Before Fylgia (2).
Before Fylgia, there was another story, compiled during my visits to Sweden. Many of my readers have asked about it, and so I decided to post it here. This is the second installment. Not yet fiction, it occupies a realm of its own.
They say when God created Sweden he began with the south, and so it became fertile and good in every way. The Devil, meanwhile, ran farther north, where he created the district of Mark. On the surface it was deceptively beautiful: rounded mountains in a bluish distance, dark forests with caves for the wild animals, deep valleys with shimmering rivers and lakes. But underneath the land was harsh and stony, designed to break the backs of those who tried to farm it. When God saw what the Devil had done, he frowned. “You have created the land,” he said. “Now I shall create the people.” And so he made the people strong and industrious — and almost invincible.
Throughout the centuries the people of Mark withstood hardship after hardship. Trade and contact with the outer world brought disease and war. In the mid-1300s the plague emptied most of the cottages. Later in the century, as the Danes, intent on conquest, began their northward push, Mark became a no-man’s-land, wedged between Denmark and Sweden. Life counted for little — men armed with swords left to plow their fields at dawn; by nightfall their widows reclaimed their mangled bodies. Omens were plentiful — a shining cross appeared in the sky; church bells chimed on their own; large flocks of doves arrived and left as quickly as they came. In 1645 a peace treaty was signed at last, stating that Mark was to remain Swedish. By then the people of Mark had long since learned that the land itself was the only constant. Holding it was all that mattered, as farm-bred women married farm-bred men, until the land itself was bred into their very bones.

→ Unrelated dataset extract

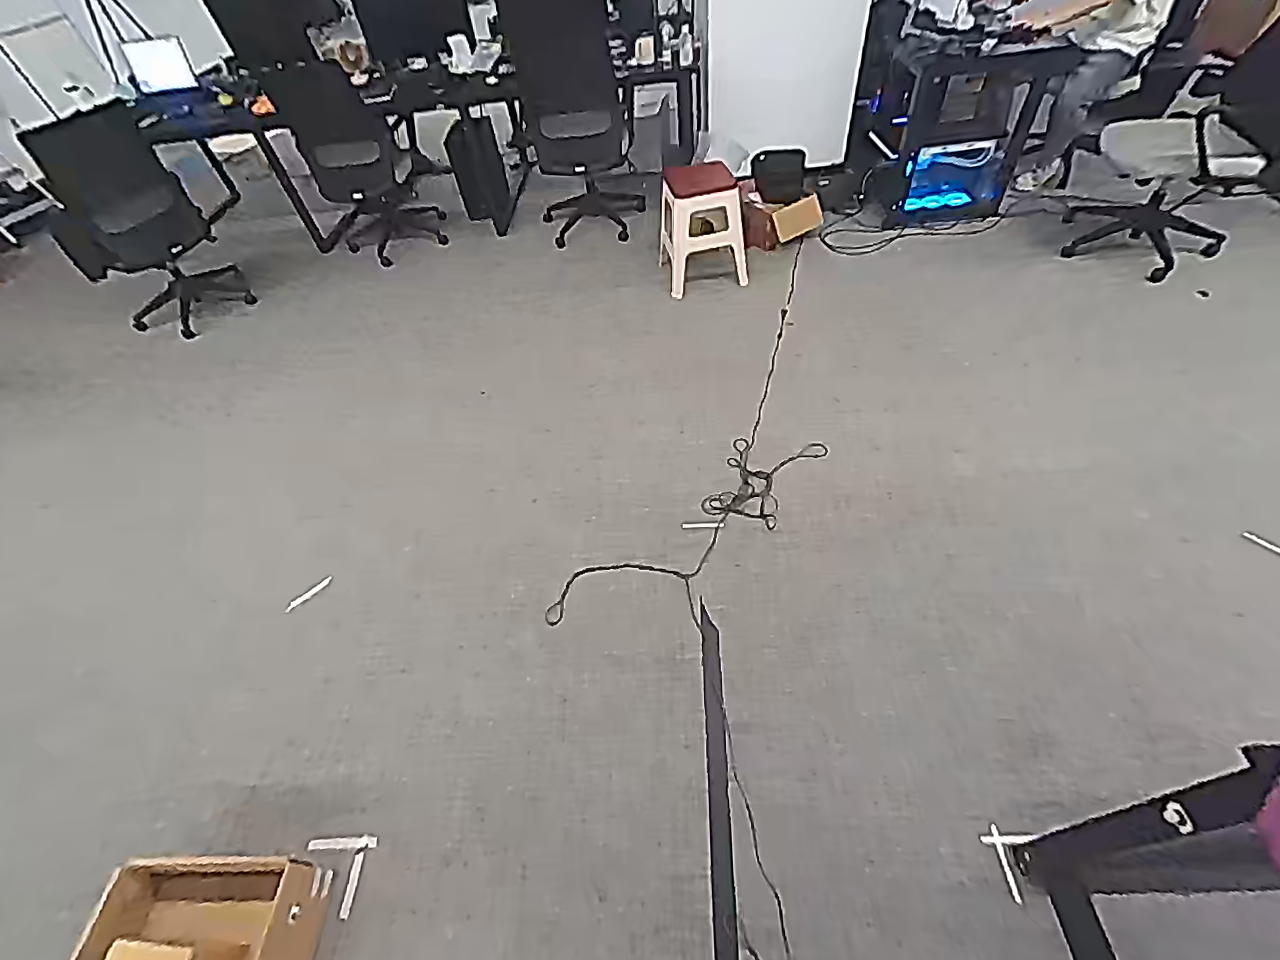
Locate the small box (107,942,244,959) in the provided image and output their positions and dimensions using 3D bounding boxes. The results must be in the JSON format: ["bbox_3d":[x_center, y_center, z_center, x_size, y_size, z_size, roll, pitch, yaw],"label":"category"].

Ever since the mid-1600s Torp had been one of the largest farms in Mark. Among its owners in those early days was a nobleman, Knut Gyllensvärd, the son of an illegitimate daughter of Erik XIV, the mad king who likely died from poison administered by his own men.
In the early 1700s the owner was Olof Pihl, the village vicar. As was the custom of the times, a clergyman received no cash for his services but was given land to farm for the upkeep of himself and his family. Pihl, it appears, married his predecessor’s widow, not an uncommon practice and one which secured him not only a wife but also his position as the next vicar of Kungsäter.
By 1769 Torp was owned by the Crown. The resident was a captain in the Älvsborg Regiment, with headquarters in Boras, some twenty-five miles northeast of Kungsäter. Similarly, though less grandly, his 150 men were put up in small crofts all over Mark. Once a year, along with soldiers from other districts, they all met for military exercises on a distant moor. Through this system Sweden maintained a rough-and-ready army, which fought its last full-scale war against Napoleon in 1814.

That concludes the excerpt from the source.